• **Task to complete**: Check each line of the records below for the word "name" and copy those where it appears.

---------------

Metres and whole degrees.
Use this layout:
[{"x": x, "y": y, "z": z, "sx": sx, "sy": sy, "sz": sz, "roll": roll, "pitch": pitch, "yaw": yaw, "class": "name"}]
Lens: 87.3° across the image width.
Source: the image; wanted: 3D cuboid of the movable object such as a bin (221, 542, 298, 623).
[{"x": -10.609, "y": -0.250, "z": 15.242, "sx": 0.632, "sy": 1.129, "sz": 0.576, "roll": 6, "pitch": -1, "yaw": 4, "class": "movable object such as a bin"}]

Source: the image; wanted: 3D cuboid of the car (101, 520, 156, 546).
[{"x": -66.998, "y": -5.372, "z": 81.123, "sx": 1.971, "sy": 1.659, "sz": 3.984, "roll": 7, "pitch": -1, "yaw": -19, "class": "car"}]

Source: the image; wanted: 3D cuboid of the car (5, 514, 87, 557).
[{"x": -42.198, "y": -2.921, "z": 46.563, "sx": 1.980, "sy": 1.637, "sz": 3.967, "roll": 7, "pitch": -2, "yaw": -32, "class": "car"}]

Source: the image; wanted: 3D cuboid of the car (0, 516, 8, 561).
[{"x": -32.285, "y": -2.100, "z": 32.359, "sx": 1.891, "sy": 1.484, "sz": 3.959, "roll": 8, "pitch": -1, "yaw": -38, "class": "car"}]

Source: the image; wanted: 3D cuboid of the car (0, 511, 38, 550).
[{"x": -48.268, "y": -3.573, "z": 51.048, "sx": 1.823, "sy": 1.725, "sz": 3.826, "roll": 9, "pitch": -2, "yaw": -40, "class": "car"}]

---------------

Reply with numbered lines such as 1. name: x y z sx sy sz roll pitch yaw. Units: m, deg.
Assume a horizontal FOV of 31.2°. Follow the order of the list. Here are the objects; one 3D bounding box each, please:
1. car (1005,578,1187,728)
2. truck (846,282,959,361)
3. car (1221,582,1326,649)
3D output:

---------------

• **Result of the exercise**:
[{"x": x, "y": y, "z": z, "sx": sx, "sy": sy, "sz": sz, "roll": roll, "pitch": pitch, "yaw": yaw, "class": "name"}]
Reply with numbered lines such as 1. name: x y z sx sy sz roll pitch yaw. Units: m, deg.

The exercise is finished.